Records from a dataset:
● ● ● ●
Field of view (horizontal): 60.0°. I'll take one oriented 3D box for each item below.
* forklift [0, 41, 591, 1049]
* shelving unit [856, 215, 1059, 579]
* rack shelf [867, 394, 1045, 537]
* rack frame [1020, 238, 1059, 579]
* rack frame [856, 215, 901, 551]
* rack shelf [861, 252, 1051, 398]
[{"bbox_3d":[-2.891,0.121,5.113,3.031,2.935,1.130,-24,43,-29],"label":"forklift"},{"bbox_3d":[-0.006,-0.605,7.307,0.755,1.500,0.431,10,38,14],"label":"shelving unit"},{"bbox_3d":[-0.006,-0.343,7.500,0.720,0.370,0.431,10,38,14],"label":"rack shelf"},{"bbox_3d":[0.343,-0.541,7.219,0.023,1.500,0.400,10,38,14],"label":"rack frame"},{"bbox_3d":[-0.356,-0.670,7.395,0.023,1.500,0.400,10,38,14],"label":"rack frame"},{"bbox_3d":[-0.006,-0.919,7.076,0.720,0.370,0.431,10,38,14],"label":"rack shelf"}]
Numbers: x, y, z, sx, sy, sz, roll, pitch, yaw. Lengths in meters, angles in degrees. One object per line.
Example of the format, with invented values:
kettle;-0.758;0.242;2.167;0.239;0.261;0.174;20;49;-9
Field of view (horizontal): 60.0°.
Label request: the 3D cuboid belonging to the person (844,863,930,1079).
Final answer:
● ● ● ●
Task goal: Nothing should be returned except the lines from the one containing "kettle;-0.758;0.242;2.167;0.239;0.261;0.174;20;49;-9" through the last line of the data, each restated word for word.

Answer to the problem:
kettle;-0.758;0.242;2.167;0.239;0.261;0.174;20;49;-9
Field of view (horizontal): 60.0°.
Label request: the 3D cuboid belonging to the person (844,863,930,1079).
Final answer:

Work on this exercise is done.